Data for review
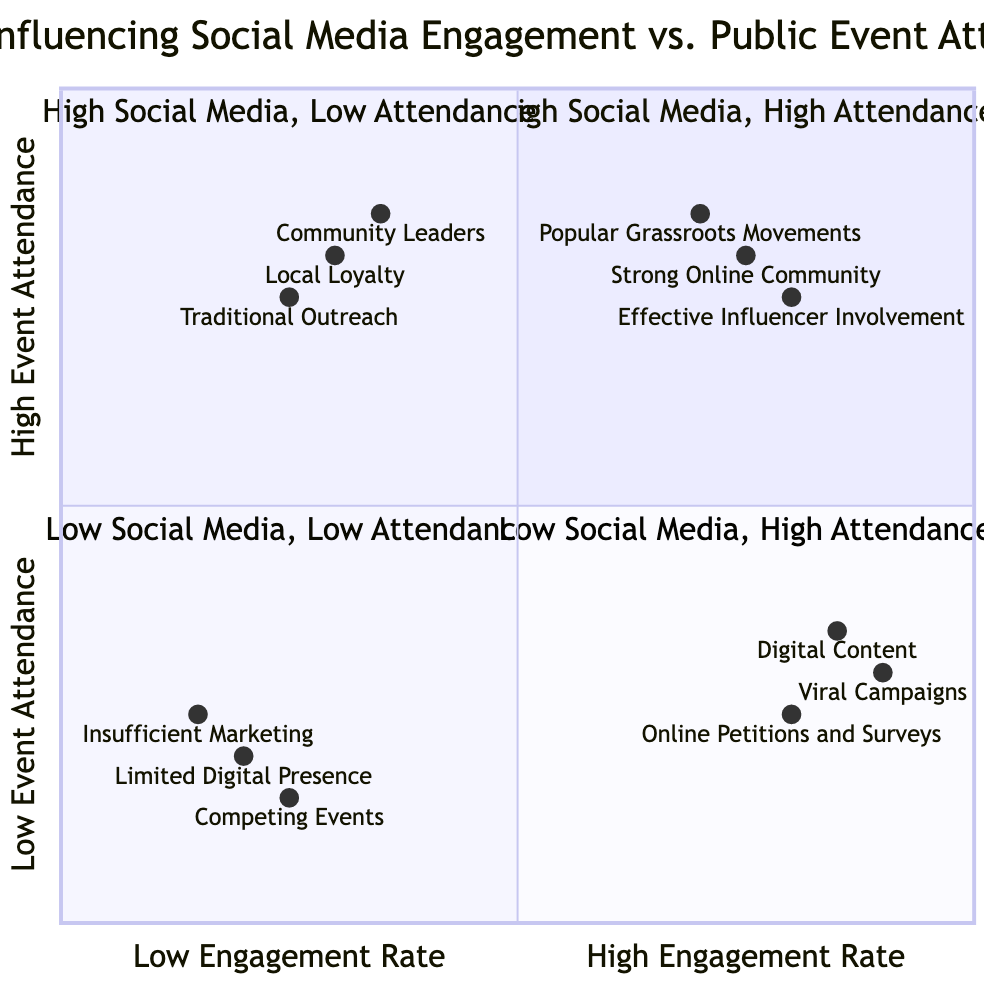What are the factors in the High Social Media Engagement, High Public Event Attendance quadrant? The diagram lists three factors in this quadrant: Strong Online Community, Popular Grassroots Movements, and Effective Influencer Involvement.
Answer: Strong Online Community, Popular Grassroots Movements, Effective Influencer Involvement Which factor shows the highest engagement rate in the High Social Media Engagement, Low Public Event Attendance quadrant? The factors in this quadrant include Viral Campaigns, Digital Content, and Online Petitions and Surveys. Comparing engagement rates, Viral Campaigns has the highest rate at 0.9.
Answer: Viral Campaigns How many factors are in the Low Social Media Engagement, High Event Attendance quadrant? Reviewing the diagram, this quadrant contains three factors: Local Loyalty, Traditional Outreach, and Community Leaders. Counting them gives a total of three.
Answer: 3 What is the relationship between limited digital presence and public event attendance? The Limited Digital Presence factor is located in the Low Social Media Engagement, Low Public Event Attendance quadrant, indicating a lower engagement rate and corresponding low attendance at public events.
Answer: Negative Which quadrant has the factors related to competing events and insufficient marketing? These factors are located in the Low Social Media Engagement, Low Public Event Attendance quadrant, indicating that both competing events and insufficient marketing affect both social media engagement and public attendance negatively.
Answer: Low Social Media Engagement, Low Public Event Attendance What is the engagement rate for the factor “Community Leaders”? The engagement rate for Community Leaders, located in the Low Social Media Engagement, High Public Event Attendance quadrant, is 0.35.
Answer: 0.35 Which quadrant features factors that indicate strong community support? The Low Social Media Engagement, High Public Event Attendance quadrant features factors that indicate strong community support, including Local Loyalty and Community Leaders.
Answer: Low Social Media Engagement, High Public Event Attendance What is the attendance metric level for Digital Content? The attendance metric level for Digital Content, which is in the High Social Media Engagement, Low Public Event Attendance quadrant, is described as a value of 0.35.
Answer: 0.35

==

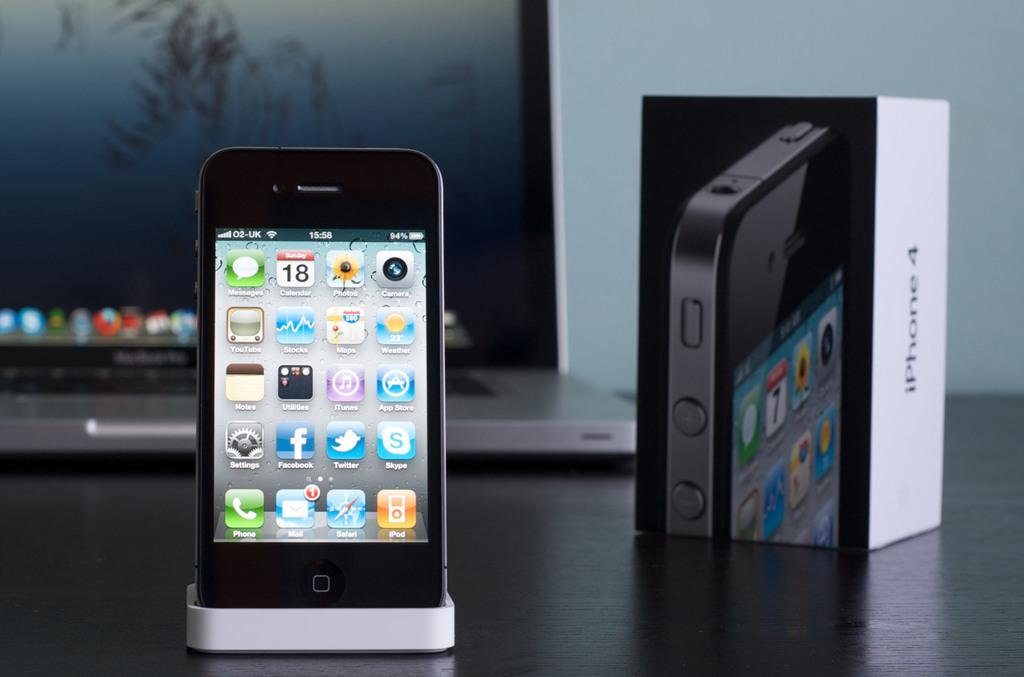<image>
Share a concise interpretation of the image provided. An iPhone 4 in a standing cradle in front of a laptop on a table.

Problem to solve
When you reach the line containing "What are the" in the entries above, begin restating word for word, and stop once the line containing "Answer: Viral Campaigns" has been given. Omit the pictures.

Task answer
What are the factors in the High Social Media Engagement, High Public Event Attendance quadrant? The diagram lists three factors in this quadrant: Strong Online Community, Popular Grassroots Movements, and Effective Influencer Involvement.
Answer: Strong Online Community, Popular Grassroots Movements, Effective Influencer Involvement Which factor shows the highest engagement rate in the High Social Media Engagement, Low Public Event Attendance quadrant? The factors in this quadrant include Viral Campaigns, Digital Content, and Online Petitions and Surveys. Comparing engagement rates, Viral Campaigns has the highest rate at 0.9.
Answer: Viral Campaigns How many factors are in the Low Social Media Engagement, High Event Attendance quadrant? Reviewing the diagram, this quadrant contains three factors: Local Loyalty, Traditional Outreach, and Community Leaders. Counting them gives a total of three.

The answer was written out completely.